Oh, If You Could Only See Me

Oh, if you could only see me as a child, though the pain and sorrow haunt me

If you could see me as I was, my longing for understanding, for purpose in my life

For a way of knowing who I am, where am I going?

Who will show me, hold my hand, lead me?

Oh, if you would just see me, I am still a child even though I am a man inside

I am still a child I wander the streets looking for somewhere to lay my head

Someone to care, someone to love me as I am

Oh, if you saw me as a child, would you not pick me up, would you not comfort me?

Oh, how did it all go wrong, how many times shall I sing the same song?

I hold out my hand but you just walk on by

I want you to see the pain in me

I want you to see my need

Don’t walk on by look at my face, look at my pain, look at my weight, of my shame

The shame of stealing to hide my pain, a drug-filled life on the streets of shame

How many times can I walk this path, the path to nowhere, a path to emptiness and sorrow?

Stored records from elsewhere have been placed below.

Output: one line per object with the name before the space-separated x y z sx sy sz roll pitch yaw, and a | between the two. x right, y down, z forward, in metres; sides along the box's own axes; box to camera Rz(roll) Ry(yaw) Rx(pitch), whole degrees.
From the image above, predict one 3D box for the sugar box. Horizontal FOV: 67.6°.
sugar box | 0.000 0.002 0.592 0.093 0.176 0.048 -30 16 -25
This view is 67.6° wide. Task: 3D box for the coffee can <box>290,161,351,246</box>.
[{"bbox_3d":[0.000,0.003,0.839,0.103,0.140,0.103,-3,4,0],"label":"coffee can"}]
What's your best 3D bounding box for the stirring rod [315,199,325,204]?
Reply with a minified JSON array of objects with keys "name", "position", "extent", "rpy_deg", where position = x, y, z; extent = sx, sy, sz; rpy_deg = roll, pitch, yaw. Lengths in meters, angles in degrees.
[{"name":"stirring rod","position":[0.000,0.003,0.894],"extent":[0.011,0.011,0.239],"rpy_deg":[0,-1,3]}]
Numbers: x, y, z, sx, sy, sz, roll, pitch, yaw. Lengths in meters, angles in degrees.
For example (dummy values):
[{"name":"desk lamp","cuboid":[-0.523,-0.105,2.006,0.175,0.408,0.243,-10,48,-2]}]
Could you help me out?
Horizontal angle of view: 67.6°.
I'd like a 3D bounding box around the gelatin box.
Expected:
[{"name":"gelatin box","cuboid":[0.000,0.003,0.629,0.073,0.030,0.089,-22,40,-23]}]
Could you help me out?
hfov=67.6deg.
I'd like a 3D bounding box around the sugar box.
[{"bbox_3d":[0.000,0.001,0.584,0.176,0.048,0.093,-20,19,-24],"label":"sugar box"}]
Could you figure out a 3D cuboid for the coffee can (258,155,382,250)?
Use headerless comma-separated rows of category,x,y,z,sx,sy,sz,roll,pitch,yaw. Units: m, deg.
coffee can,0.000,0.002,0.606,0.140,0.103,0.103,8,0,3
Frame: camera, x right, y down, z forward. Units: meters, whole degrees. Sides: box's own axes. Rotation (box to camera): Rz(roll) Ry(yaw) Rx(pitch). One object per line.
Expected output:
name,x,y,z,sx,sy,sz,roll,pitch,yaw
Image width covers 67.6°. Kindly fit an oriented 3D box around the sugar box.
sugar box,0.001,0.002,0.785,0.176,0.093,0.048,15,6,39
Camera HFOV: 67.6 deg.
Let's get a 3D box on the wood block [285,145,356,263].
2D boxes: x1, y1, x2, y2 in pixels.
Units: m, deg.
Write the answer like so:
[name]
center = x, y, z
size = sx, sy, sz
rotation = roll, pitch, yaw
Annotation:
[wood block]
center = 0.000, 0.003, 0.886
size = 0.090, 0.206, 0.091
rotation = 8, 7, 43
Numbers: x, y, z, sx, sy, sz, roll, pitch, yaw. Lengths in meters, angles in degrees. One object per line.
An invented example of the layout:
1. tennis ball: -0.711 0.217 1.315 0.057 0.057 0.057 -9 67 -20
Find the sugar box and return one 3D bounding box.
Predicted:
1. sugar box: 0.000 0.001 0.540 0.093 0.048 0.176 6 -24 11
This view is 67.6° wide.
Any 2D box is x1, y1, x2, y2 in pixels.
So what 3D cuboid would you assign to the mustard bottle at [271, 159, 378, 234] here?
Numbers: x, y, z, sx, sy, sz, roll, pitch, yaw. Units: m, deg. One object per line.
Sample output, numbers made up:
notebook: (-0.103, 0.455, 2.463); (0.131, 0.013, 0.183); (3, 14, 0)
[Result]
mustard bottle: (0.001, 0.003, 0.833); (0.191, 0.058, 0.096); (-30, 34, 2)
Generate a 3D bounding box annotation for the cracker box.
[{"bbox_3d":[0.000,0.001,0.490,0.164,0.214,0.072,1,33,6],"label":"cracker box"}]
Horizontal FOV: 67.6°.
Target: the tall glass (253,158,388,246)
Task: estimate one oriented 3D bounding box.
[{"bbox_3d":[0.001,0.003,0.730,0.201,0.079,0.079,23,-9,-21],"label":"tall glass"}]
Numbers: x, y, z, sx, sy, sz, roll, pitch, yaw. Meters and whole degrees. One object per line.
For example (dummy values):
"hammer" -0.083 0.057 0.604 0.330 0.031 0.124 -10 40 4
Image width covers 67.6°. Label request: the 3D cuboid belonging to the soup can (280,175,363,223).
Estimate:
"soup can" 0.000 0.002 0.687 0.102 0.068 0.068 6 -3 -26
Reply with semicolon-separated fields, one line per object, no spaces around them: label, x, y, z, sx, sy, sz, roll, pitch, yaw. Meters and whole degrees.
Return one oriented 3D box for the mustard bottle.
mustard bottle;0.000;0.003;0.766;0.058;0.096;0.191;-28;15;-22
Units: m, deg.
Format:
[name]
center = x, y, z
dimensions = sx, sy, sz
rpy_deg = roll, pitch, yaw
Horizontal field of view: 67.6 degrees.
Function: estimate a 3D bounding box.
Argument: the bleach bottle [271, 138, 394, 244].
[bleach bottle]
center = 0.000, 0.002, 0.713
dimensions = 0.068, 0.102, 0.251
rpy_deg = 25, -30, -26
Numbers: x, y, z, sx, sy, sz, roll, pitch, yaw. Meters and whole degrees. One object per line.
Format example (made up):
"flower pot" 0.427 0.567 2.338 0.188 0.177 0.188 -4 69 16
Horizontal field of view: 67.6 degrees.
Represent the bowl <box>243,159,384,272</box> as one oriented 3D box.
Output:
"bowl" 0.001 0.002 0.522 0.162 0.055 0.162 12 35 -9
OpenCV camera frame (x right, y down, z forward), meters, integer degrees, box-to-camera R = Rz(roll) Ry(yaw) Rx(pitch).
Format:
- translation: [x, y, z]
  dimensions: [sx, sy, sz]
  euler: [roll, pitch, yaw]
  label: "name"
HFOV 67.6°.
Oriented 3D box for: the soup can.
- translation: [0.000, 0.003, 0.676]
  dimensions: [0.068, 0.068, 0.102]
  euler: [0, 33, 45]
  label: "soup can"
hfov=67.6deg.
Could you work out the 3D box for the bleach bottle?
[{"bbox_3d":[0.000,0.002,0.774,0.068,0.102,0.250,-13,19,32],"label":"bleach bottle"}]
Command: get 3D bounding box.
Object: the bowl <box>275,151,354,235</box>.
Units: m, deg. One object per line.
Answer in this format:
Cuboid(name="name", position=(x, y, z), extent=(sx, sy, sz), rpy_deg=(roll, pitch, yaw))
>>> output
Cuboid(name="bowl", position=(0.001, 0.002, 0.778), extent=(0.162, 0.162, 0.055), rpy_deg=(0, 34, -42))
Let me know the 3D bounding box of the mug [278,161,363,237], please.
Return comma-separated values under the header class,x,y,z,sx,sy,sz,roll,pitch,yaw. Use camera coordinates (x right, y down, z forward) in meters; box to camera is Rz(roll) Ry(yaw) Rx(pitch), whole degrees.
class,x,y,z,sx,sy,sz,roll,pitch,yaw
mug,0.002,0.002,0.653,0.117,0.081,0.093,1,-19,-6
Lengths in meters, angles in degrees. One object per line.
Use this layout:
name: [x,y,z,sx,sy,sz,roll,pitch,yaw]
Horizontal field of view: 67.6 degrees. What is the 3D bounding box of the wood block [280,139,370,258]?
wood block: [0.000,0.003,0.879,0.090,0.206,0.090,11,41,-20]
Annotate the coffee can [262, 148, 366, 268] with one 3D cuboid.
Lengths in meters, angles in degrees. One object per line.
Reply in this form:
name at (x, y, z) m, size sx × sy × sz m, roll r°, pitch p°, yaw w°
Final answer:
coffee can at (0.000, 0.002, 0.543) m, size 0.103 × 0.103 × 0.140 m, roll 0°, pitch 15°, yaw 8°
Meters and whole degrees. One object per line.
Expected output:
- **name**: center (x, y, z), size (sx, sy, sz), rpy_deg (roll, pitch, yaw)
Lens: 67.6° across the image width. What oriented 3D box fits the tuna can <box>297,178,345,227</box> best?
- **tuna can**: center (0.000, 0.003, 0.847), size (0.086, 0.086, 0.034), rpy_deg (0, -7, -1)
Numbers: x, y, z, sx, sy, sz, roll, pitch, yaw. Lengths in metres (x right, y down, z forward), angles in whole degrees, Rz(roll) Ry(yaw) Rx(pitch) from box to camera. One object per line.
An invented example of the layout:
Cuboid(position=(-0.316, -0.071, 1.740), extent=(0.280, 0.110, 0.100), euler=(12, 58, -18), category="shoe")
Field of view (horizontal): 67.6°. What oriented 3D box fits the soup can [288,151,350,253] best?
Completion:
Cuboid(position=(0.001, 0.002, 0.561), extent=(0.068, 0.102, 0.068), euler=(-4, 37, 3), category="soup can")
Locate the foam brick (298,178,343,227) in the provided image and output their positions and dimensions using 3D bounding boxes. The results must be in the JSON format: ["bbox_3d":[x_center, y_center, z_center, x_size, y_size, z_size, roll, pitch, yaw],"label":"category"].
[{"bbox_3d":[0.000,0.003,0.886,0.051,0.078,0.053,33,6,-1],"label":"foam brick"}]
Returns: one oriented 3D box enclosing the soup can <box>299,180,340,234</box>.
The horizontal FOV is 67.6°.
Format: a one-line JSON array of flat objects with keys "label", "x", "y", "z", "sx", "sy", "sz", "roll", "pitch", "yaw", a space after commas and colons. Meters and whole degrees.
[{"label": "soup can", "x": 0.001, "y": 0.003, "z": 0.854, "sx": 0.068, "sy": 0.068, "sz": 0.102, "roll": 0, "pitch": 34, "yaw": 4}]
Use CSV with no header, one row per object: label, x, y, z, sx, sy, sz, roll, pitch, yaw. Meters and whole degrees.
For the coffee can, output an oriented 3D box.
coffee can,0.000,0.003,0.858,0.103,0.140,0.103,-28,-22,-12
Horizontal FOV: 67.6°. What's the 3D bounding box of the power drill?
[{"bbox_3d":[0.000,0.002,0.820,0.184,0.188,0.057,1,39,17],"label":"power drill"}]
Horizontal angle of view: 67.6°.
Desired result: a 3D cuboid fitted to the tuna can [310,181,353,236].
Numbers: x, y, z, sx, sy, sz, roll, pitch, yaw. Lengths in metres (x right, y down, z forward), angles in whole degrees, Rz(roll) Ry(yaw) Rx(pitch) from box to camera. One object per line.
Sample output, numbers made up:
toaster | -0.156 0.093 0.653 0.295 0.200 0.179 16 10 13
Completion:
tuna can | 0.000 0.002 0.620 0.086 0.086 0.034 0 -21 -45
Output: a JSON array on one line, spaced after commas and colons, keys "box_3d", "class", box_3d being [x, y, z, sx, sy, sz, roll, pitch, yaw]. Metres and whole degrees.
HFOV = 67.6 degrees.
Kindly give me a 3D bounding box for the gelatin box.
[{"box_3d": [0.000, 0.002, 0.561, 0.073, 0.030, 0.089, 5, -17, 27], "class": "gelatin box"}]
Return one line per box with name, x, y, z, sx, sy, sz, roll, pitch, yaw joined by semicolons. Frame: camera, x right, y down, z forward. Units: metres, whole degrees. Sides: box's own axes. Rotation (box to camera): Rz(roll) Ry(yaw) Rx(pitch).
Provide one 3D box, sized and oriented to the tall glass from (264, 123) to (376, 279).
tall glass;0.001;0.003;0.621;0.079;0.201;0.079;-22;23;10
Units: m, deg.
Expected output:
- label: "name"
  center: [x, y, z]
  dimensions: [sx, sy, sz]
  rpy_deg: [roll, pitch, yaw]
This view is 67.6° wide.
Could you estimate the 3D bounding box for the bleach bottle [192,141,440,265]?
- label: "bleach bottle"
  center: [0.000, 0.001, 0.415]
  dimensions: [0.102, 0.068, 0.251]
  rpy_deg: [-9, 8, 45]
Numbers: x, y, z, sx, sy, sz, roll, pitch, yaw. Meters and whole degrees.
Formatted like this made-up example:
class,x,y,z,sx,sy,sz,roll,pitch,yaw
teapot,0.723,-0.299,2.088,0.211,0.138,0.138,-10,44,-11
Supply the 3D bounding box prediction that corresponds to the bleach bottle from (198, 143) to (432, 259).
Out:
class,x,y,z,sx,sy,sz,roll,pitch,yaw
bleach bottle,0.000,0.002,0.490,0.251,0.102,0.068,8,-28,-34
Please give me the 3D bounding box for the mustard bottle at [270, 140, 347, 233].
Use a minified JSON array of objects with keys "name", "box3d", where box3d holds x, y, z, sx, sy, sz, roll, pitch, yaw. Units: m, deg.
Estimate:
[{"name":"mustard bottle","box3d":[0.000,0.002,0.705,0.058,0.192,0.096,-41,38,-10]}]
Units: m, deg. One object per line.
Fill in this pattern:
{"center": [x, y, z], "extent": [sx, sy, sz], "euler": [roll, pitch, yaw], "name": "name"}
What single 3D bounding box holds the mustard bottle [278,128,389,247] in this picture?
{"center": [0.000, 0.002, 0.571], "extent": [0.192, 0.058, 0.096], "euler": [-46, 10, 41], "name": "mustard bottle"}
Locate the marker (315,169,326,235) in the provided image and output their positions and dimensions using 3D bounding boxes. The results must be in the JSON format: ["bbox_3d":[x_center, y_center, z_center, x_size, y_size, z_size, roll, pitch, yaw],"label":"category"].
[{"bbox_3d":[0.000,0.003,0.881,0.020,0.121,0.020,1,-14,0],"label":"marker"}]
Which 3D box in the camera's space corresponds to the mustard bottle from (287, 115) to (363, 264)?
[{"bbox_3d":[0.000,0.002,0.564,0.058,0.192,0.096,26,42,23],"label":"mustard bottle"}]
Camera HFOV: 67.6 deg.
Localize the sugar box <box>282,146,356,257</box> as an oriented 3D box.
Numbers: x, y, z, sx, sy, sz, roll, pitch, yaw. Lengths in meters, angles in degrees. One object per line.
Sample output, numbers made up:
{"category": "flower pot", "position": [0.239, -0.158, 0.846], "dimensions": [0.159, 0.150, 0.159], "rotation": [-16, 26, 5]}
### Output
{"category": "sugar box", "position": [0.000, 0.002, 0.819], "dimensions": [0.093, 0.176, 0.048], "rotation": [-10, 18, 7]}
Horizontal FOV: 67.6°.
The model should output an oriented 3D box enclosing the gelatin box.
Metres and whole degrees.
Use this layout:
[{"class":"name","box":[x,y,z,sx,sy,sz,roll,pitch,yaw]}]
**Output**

I don’t know if I will see tomorrow when I wake up

It’s just the same I reach for my drugs to numb the pain

I cried for help but it never came I live my life on another plain

I closed my eyes for another night; I’m cold and hungry and have no fight

And when I woke I saw this bloke, on the floor in a duffle coat

People came to look at him, poor sod they said, what a sin

That he should die so young

They came to take his body away just as if it were ‘any ole day’

And when they turned his face my way, his face was mine, gone forever

Just another day, just another body, it seems so sad that I have gone

But why didn’t they see me when it was all so wrong?

Why did they walk on by and just look up at the sky?

They could have saved me, they could have said ‘come on son I give you a bed, somewhere warm to lay your head’

But now I’m gone from the streets of pain and who is it I should blame?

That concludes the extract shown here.